Aksaramedia.net, TENGGARONG – Tak semua keindahan alam hadir sepanjang tahun. Di Desa Muara Ritan, Kecamatan Tabang, Kabupaten Kutai Kartanegara (Kukar), terdapat pesona alam musiman yang selalu dinantikan warga setempat, yakni Pulau Karangan. Pulau ini hanya menampakkan diri ketika musim kemarau tiba. Saat debit air Sungai Belayan menurun, hamparan bebatuan seluas sekitar empat hektare perlahan muncul ke permukaan, mengubah aliran sungai menjadi sebuah lanskap unik yang memikat.
Bagi masyarakat sekitar, kemunculan Pulau Karangan menjadi pertanda datangnya momen kebersamaan. Pulau ini mendadak menjadi magnet wisata dadakan. “Pulau ini hanya bisa dijangkau ketika air surut, makanya selalu ramai dikunjungi saat kemarau. Biasanya warga datang membawa keluarga, menikmati suasana alam, dan menghabiskan waktu bersama,” ungkap Kepala Desa Muara Ritan, Ardy Maroni, Sabtu (5/7/2025).

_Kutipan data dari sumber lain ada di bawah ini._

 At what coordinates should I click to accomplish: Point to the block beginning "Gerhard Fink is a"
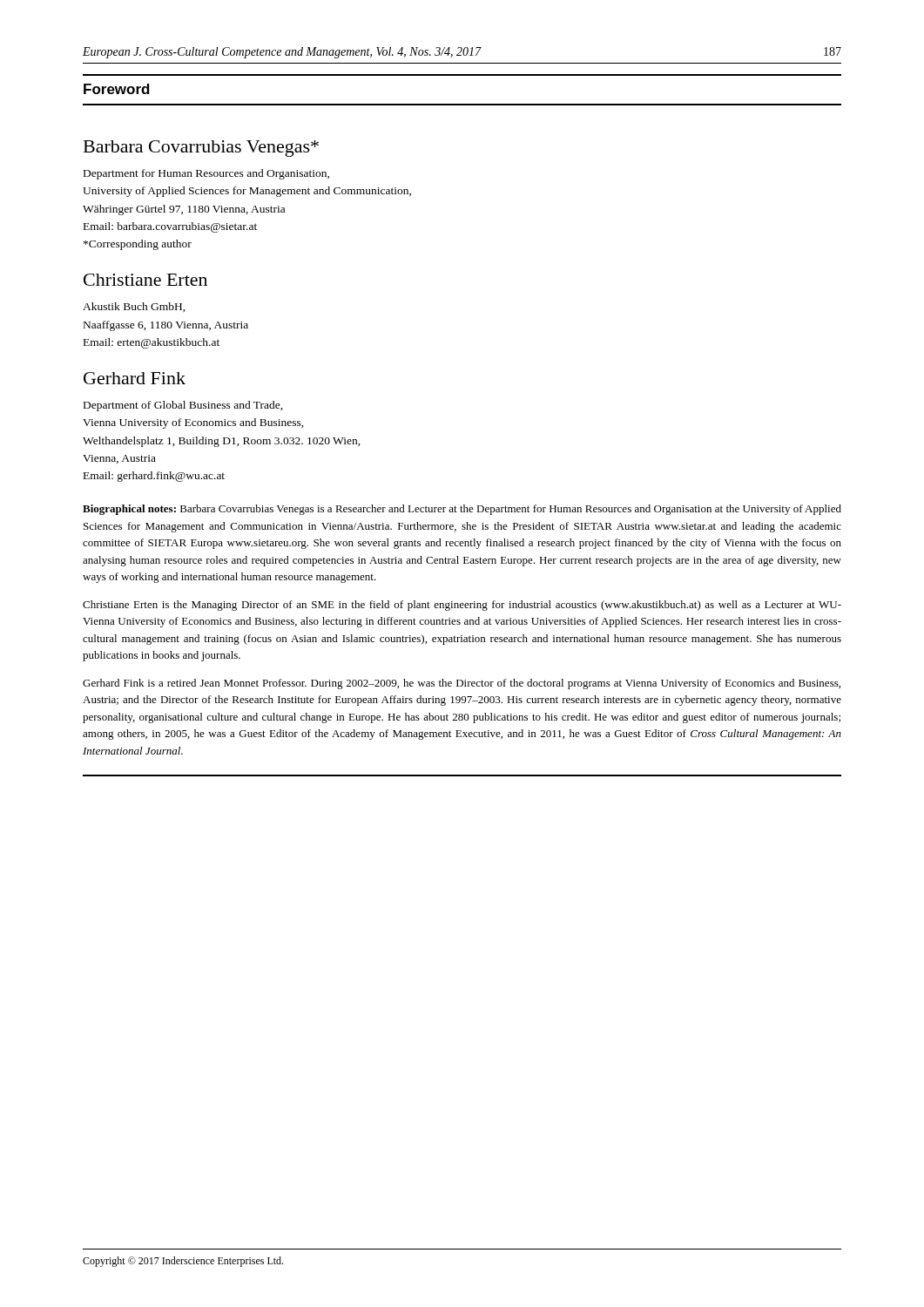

Pulau Karangan bukan sekadar hamparan bebatuan biasa. Lokasinya yang berada di tengah Sungai Belayan memberikan sensasi liburan yang berbeda. Pengunjung bisa menikmati berbagai aktivitas sederhana namun menyenangkan. Banyak yang berenang menggunakan ban karet, ada juga yang mendirikan tenda untuk berkemah sambil menikmati semilir angin sungai, bahkan membakar ikan hasil tangkapan sendiri. Suasana yang masih alami, jauh dari hiruk-pikuk kota, membuat tempat ini cocok untuk melepas penat.
Tak hanya itu, sebagian warga datang untuk merasakan manfaat terapi alami. “Banyak pengunjung yang sengaja berjalan tanpa alas kaki di atas batu-batu ini karena dipercaya dapat memberikan efek pijat refleksi dan melancarkan peredaran darah,” tambah Ardy.
Kemunculan Pulau Karangan juga menjadi berkah bagi pelaku usaha mikro, kecil, dan menengah (UMKM) setempat. Mereka memanfaatkan momen ini dengan membuka lapak makanan dan minuman, mulai dari jajanan tradisional, es kelapa, hingga kopi panas yang diseduh langsung di pinggir sungai. Kehadiran mereka menambah kenyamanan para wisatawan yang datang, sekaligus menggerakkan roda ekonomi desa.
Meski demikian, keberadaan Pulau Karangan yang hanya muncul beberapa bulan dalam setahun membuat pemerintah desa harus memikirkan cara agar potensi wisata ini tetap berkelanjutan. Kontur bebatuan di pulau membuat pembangunan homestay di area tersebut belum memungkinkan. Namun, hal itu tidak menyurutkan rencana pengembangan wisata. Pemerintah desa sudah menyiapkan langkah strategis dengan membangun fasilitas penunjang seperti glamping dan cottage di tepian Sungai Belayan.
“Ke depan, kami ingin mengembangkan kawasan sekitar dengan konsep ramah lingkungan. Wisatawan bisa bermalam di tepi sungai, menikmati pemandangan air dan suasana alam yang masih asli. Ini bukan hanya tentang tempat wisata, tapi juga peluang untuk meningkatkan kesejahteraan masyarakat sekitar,” jelas Ardy.
Tak berhenti di situ, Pulau Karangan juga memiliki potensi untuk dikemas sebagai wisata edukasi. Dengan keunikan fenomenanya yang hanya muncul saat kemarau, destinasi ini bisa menjadi sarana pembelajaran tentang siklus alam, ekosistem sungai, hingga kearifan lokal masyarakat Muara Ritan yang telah lama hidup berdampingan dengan alam.
“Pulau Karangan bukan sekadar destinasi musiman, melainkan simbol harmoni antara alam dan manusia. Kami ingin wisatawan yang datang tidak hanya singgah, tapi juga membawa pulang cerita dan pengalaman berkesan,” tutupnya.